JPH0430699B2 - - Google Patents

Abstract

In the apparatus for signalling an alarm, for example, in a gas or fire detecting installation, a detector is reset after a first response and the time duration until the next-following detector response is determined and classified with respect to three classes of time periods. When the time duration until the further detector response is beyond a predetermined upper or outer time limit, no alarm signal is released and the apparatus returns into its original state. When the further detector response occurs between two time limits, the alarm is immediately signalled. When the further detector response occurs prior to a lower one of the two time limits, there is carried out still one further test during which the detector is once again reset. The alarm signal will only be released if an additional further detector response is still observed prior to the upper time limit. In this manner the reliability of alarm signalling can be enhanced and the frequency of the occurrence of false alarms, particularly due to the occurrence of short-time or brief spurious conditions, can be significantly reduced.

Description

DETAILED DESCRIPTION OF THE INVENTION Field of Industrial Application The present invention is characterized in that, after the first response of a detector connected to the signal processing central station, the first reset of the detector is performed from the signal processing central station. , further initiating two test periods having different predetermined elapsed times at the signal central station at a predetermined time after the response of the detector, and alarming after at least one re-response of the detector. a type of alarm signal generation that processes the signal and finally processes the alarm signal when the detector responds for a second time after a test time of short duration has elapsed but before a test time of long duration has elapsed; The present invention relates to a method and an apparatus for carrying out the method.

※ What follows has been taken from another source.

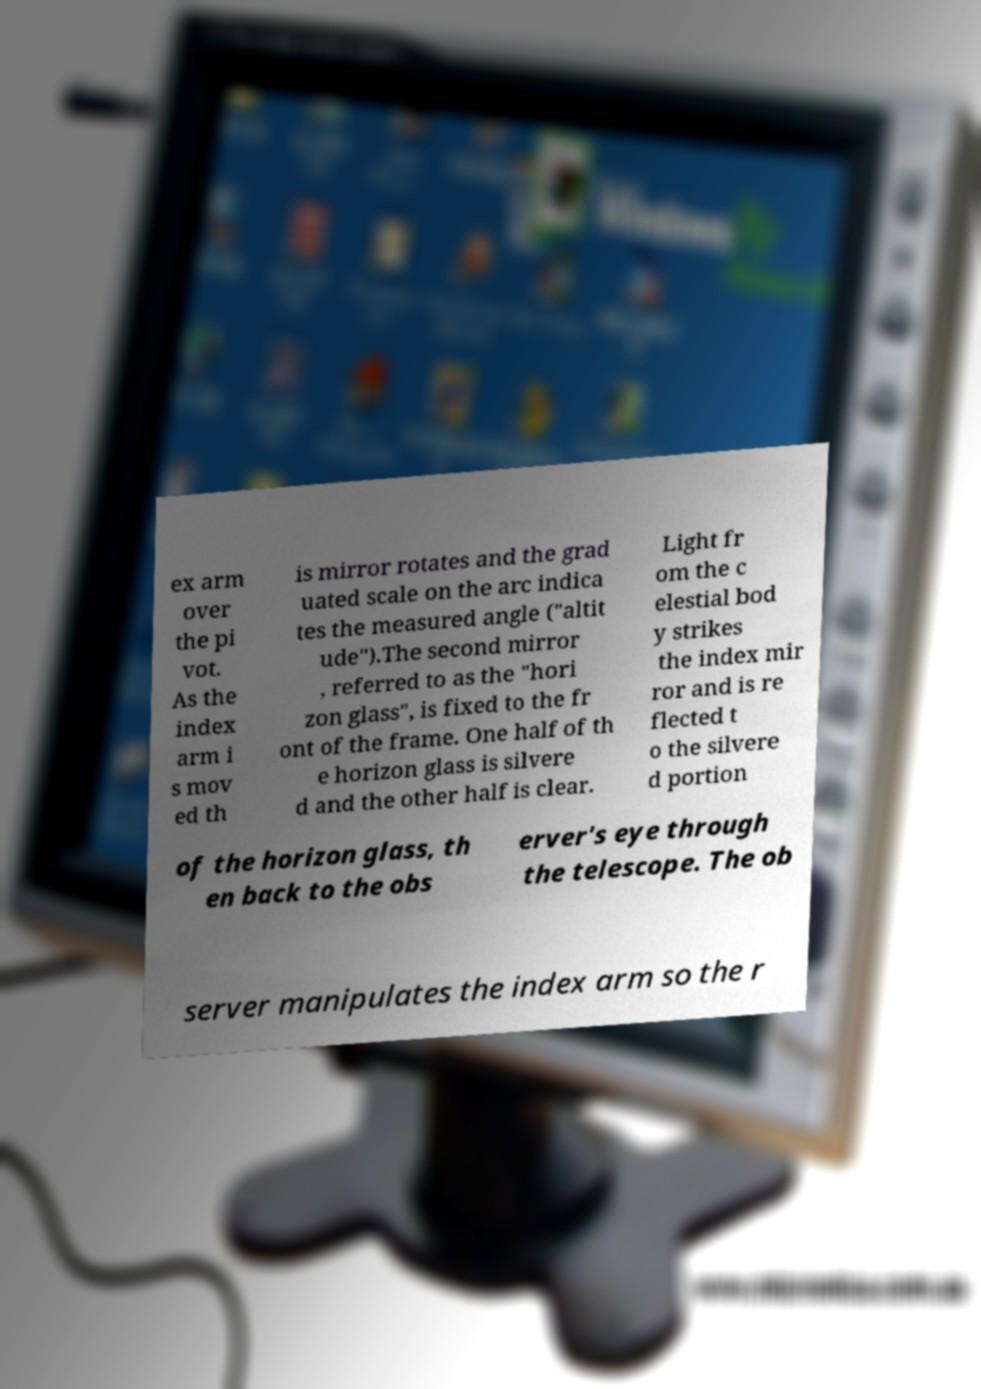Please read and relay the text visible in this image. What does it say? ex arm over the pi vot. As the index arm i s mov ed th is mirror rotates and the grad uated scale on the arc indica tes the measured angle ("altit ude").The second mirror , referred to as the "hori zon glass", is fixed to the fr ont of the frame. One half of th e horizon glass is silvere d and the other half is clear. Light fr om the c elestial bod y strikes the index mir ror and is re flected t o the silvere d portion of the horizon glass, th en back to the obs erver's eye through the telescope. The ob server manipulates the index arm so the r 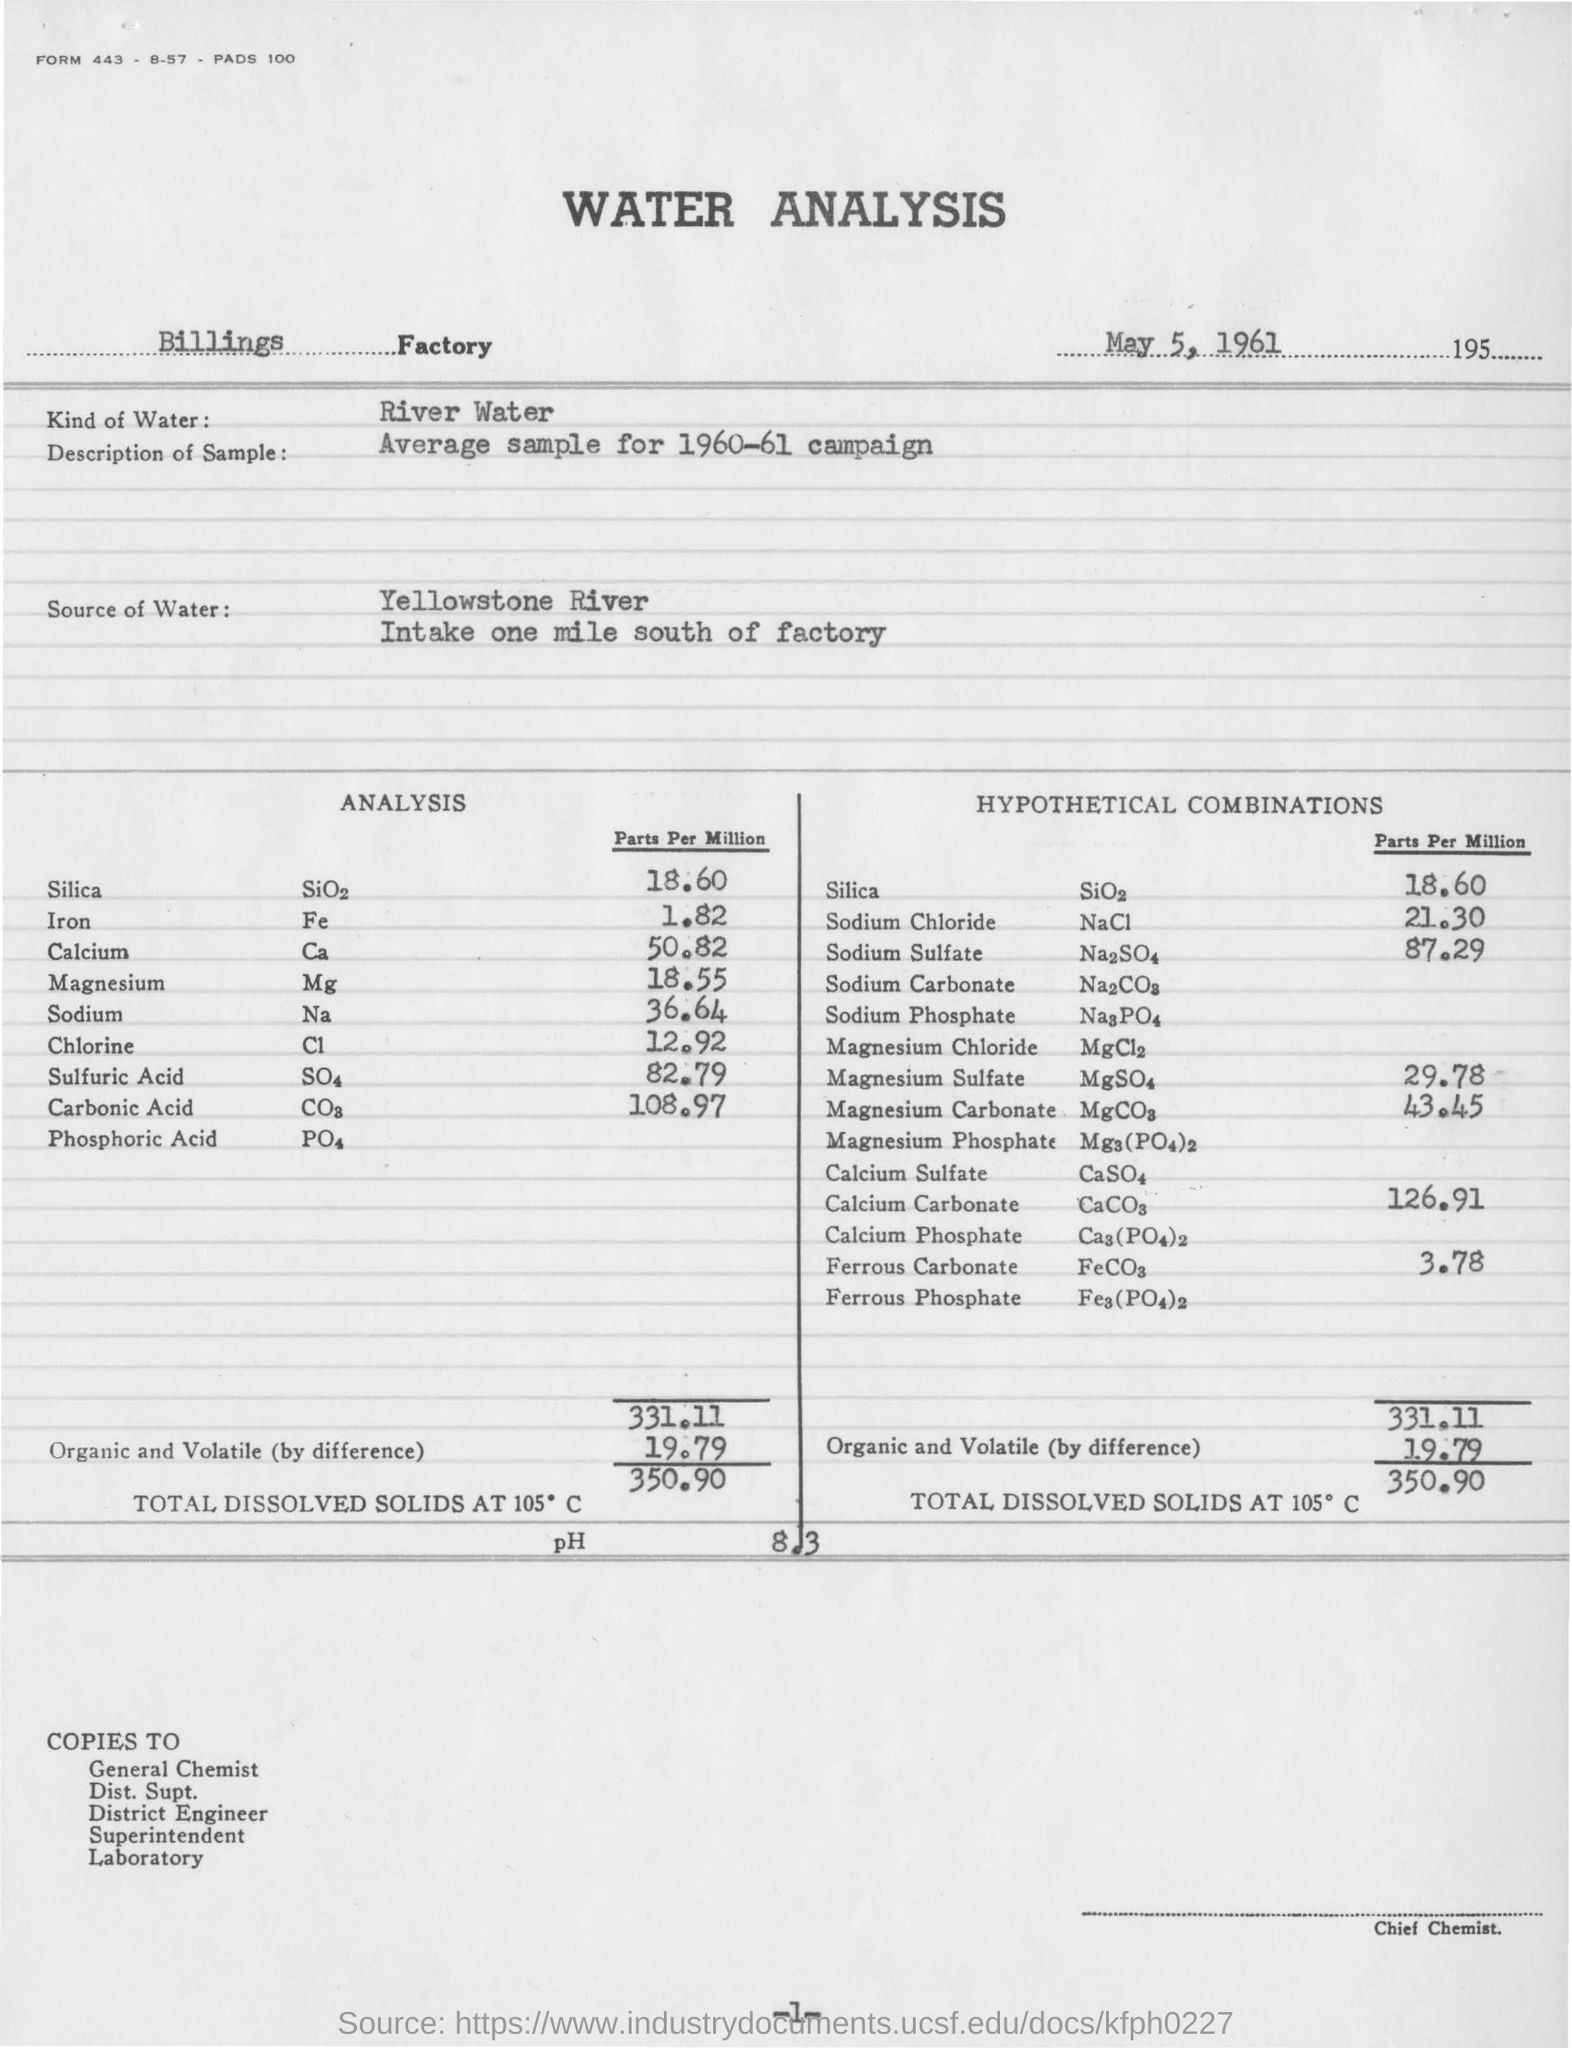Outline some significant characteristics in this image. According to the analysis, the silica content is 18.60 parts per million. I have determined that the water in question is river water. The total dissolved solids at 105 degrees Celsius is 350.90. The heading of the document is "Water Analysis... Yellowstone River is the source of the water.

BACKGROUND OF THE INVENTION Such methods and devices are suitable for signaling a variety of hazardous conditions using appropriate detectors responsive to the relevant conditions. Important applications include, for example, the use of combustion detectors that respond to combustion phenomena, such as smoke, combustion aerosols, combustion gases, fire radiation, temperature changes, etc., to signal the occurrence of a fire, or to signal the occurrence of a fire. ) Applications include signaling the presence of toxic gases.

Fire alarm equipment needs to signal combustion as early as possible so that appropriate extinguishing measures can be taken. This requires highly sensitive automatic combustion detectors that respond to phenomena already occurring in the early stages of combustion;
For example, it is necessary to use an ionic smoke detector or a photoelectric smoke detector. However, if you want to operate the combustion detector with the highest possible sensitivity,
There is a risk that even in the absence of a dangerous situation, i.e. combustion, an alarm signal may be generated due to the amount of disturbance, so that such false or false alarms may lead to unnecessary and expensive extinguishing measures, e.g. calling the fire service or There is a possibility that countermeasures such as activation of fire extinguishing equipment will be activated.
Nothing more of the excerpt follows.